Para ilustrar como duas famílias, diante do mesmo problema, podem chegar a soluções completamente diferentes, mas igualmente corretas perante a lei, vale observar dois caminhos possíveis para o mesmo caso: um sócio que hoje retira R$ 150 mil por mês de sua empresa.
Um caminho possível: organizar a sucessão da família com uma holding
Uma primeira alternativa é reunir as participações societárias em uma holding patrimonial familiar e, a partir dela, antecipar parte da herança aos filhos, doando cotas com a reserva do direito de continuar recebendo os rendimentos enquanto viver, o chamado usufruto. Com essa reorganização, os lucros passam a ser divididos entre vários membros da família, e não concentrados em uma única pessoa, o que pode manter cada recebimento individual abaixo do teto de R$ 50 mil mensais. Além do benefício tributário, essa solução tem a vantagem de já deixar encaminhada a sucessão do patrimônio, evitando desgastes e custos elevados em um futuro inventário.
Uma outra possibilidade: reorganizar a forma de remuneração dentro da própria empresa
Uma segunda alternativa, bem diferente da primeira, não envolve doação nem divisão de patrimônio entre herdeiros. Nela, a empresa passa a remunerar o sócio combinando outras formas de pagamento previstas em lei, como os juros sobre capital próprio, além de direcionar parte dos recursos para um plano de previdência privada e reter uma parcela dos lucros dentro da própria empresa para reinvestimento, adiando a tributação para um momento futuro. Essa opção costuma ser mais indicada para quem não deseja, por ora, dividir o controle da empresa com filhos ou outros familiares.

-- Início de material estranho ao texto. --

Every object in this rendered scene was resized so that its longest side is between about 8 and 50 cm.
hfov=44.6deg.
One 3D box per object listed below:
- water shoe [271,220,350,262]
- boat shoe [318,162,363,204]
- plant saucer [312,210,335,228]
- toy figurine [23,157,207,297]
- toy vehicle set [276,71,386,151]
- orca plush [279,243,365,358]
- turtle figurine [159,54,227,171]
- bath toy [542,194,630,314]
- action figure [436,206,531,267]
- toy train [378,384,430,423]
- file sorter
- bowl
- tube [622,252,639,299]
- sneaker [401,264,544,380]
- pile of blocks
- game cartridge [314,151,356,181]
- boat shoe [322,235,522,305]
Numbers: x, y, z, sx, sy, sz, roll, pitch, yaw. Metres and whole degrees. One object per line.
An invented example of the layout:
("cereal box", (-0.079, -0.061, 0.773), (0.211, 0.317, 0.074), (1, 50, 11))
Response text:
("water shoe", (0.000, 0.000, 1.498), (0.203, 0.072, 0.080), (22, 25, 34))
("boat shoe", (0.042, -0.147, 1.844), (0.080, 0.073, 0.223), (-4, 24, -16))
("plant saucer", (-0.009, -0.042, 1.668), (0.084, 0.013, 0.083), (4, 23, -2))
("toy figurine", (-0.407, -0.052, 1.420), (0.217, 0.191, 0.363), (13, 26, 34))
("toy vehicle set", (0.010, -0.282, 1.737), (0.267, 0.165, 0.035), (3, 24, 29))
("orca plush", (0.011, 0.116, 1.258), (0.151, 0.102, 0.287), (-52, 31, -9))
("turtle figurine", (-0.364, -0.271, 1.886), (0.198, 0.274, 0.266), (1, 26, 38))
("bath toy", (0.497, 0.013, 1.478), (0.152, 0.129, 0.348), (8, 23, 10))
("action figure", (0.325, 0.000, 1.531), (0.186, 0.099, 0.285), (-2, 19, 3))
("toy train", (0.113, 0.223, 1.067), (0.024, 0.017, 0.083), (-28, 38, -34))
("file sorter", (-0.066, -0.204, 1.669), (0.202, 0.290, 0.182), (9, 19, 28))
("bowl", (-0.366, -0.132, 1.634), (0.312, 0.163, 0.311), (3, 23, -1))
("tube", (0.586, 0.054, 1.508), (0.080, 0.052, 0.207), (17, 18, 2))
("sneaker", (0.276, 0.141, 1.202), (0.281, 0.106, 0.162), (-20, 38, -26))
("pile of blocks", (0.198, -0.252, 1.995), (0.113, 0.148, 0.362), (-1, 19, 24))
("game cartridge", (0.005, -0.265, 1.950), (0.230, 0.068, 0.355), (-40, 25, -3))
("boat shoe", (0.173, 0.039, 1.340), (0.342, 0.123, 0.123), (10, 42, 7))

Repare que as duas soluções partem do mesmo problema, mas seguem lógicas completamente distintas. Não existe, portanto, uma resposta pronta que sirva a todos, e qualquer conteúdo que prometa uma fórmula mágica e universal para esse tipo de situação deve ser recebido com desconfiança.
Por que esse é um assunto para acompanhamento especializado
Tanto a criação de uma holding familiar quanto a reorganização da forma de remuneração de um sócio são medidas que envolvem decisões societárias, contratos, registros e, muitas vezes, ajustes na própria contabilidade da empresa. Feitas sem o devido cuidado técnico, essas estruturas podem ser vistas pela Receita Federal como simulação, o que anula todo o benefício buscado e ainda gera multas sobre o valor que se tentou economizar. Além disso, cada família e cada empresa têm particularidades que só uma análise individualizada consegue captar, como a existência de outros sócios, o regime de bens do casamento, dívidas da empresa ou planos de venda do negócio no futuro.
Por essa razão, o mais recomendável para quem se identificou com o cenário descrito neste artigo não é tentar replicar sozinho nenhuma das soluções aqui apresentadas, mas buscar uma avaliação jurídica específica para o seu caso. Um diagnóstico bem feito, que leve em conta a realidade da empresa e da família, é o que permite escolher, entre os diversos caminhos lícitos disponíveis, aquele que realmente atende aos seus objetivos, com segurança jurídica e sem surpresas desagradáveis em uma eventual fiscalização.